Personajes

La riqueza de personajes en Sukarra Cómic es un claro reflejo del desorden mental del dibujante, que en lugar de centrarse en un tema concreto, va tocando todos los palos, y tan contento, ignorando el cabreo general por mancillar y ofender a todas las comunidades frikis. Como introducción, comentar que cada personaje vive inmerso en su propio mundo ajeno al hacer y deshacer del resto. Solo ocasionalmente aparece alguna tira donde se entremezclan los caminos de dos o más personajes, rasgando así el continuo espacio-tiempo, la coherencia y el sentido común. En consecuencia, suele acabar mal. Pero eso son, básicamente, excepciones.
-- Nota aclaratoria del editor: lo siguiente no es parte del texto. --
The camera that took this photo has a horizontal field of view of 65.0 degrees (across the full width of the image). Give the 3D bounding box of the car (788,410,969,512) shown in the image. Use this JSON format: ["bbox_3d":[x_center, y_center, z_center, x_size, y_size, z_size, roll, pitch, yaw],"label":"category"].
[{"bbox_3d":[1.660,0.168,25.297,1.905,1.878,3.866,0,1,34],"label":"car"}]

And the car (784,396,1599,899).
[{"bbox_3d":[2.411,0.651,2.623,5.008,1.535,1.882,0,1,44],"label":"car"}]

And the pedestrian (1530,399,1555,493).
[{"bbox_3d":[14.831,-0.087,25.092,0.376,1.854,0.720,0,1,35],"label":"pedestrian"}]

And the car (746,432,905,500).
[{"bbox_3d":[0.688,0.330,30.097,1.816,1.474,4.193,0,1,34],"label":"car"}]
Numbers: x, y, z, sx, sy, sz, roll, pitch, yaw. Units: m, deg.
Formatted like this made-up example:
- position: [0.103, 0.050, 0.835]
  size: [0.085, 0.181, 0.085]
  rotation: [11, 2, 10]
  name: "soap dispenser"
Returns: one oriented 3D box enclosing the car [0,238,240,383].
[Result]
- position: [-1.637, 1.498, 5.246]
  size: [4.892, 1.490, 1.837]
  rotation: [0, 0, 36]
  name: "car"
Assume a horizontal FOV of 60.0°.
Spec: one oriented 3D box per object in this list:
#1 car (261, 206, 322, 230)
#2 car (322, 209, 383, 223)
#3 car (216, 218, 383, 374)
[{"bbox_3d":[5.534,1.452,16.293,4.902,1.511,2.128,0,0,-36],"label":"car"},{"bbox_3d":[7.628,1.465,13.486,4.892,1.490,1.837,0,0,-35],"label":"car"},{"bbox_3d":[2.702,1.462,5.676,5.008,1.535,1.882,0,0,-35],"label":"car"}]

Las tiras aparecen semanalmente (domingos noche, si no hay tormenta, pues se me va el internés y ya no puedo atualilzar) y sus protagonistas son escogidos de manera aleatoria y sin nigún tipo de criterio, a imagen y semejanza del autor, que tampoco lo tiene. Para visualizar exclusivamente el devenir de alguno de ellos, se recomienda el uso de etiquetas.


Darth Váter

Darth Vater es a Sukarra Cómic lo que Julio César a Astérix, Lex Luthor a Superman, el profesor Moriarty a Sherlock Holmes, Gargamel a los Pitufos, el Dr. Gang a Inspector Gadget, el Dr. Heinz Doofenshmirtz a Perry el Ornitorrinco, Lord Voldemort a Harry Potter, el Grinch a Papá Noel,... bueno, ya me entendéis. Nuestro villano por excelencia, inconforme, manipulador, extorsionador y crítico de todo en general. Eso sí, cuando no está, se le echa de menos. Tiene el honor, esto, perdón, tenemos el honor de poder disfrutarlo en su magistral Opera Prima, la tira que abre el blog de Sukarra Cómic, y, aparentemente, es de los personajes que más ha evolucionado a lo largo de los años. Si es que hasta lo hemos visto crecer, snif.



Légolas y Gili

Inseparables, a la par que despistados, siempre están dispuestos a librarnos del mal a cambio de unas jarras de cerveza. Bueno, siempre siempre, no, solo si el "librarnos del mal" no incluye hacerse daño ni se haga por la mañana, que lo primero es salir de fiesta, oye. Destacan por su incapacidad de orientación llevada a la máxima expresión -tal es su destreza, que suelen llegar a su destino por haberse perdido en todos los demás sitios- e inhabilidad para conducir -¿o cómo crees que se llama a la acción de ir a lomos de un dragón? Pues eso, conducir-. Su mayor pasión, las orcos, a saber.



Los Eñeautas


Los Eñeautas constituyen el equipo de exploración espacial dentro de la Agencia Espacial Aquella, institución de carácter público y, en consecuencia, derrochadora de los fondos guvernamentales en proyectos mayoritariamente de poca utilidad. Intrépidos, osados y completamente irreflexivos, siguen vivos por divina providencia, pues la seguridad laboral no se estila en la organización. Y eso no es así por dejadez, no, sino para mantener la motivación de sus integrantes como el primer día. Si te duermes, palmas (literalmente). Lo que no haga la Agencia por sus trabajadores...
A diferencia de las demás historias, estas tiras son secuenciales y empezaron aquí.




El Profesor 


El profesor es un hombre dedicado a la ciencia que exprime, presiona y engaña a sus subordinados por un bien mayor. Dirige los proyectos tecnológicos de la Agencia Espacial Aquella y, cuando estos han escaseado, ha barrido, limpiado y fregado la Agencia como el que más. Su objetivo, que su nombre quede escrito en los anales de la historia y, dada su edad, podemos confirmar que es un objetivo a corto plazo. Así que, ¿qué mejor que enviar a los Eñeautas donde nadie haya estado antes? Conseguir que vuelvan ya son pormenores a resolver cuando toque.



Los Insensatos

Los Insensatos son tiras cuyos protagonistas son gente real (se pueden ver, tocar, esas cosas) que, sin ningún tipo de coacción (lo que reduce el número de motivos a uno: insensatez), han decidido salir en el webcómic. Y oye, ¿quién soy yo para privar a nadie de tal deseo autodestructivo? La idea original me vino después que Carlos insistiera insistentemente en salir como personaje del blog, con lo que él mismo abrió este hilo. He de admitir, no obstante, que en ningún caso los protagonistas son culpables de sus chistes. Ese mérito recae exclusivamente sobre mí (me obligan a dejar por escrito que "quedan excluidos de cualquier cargo de amenaza o afección a la salud pública").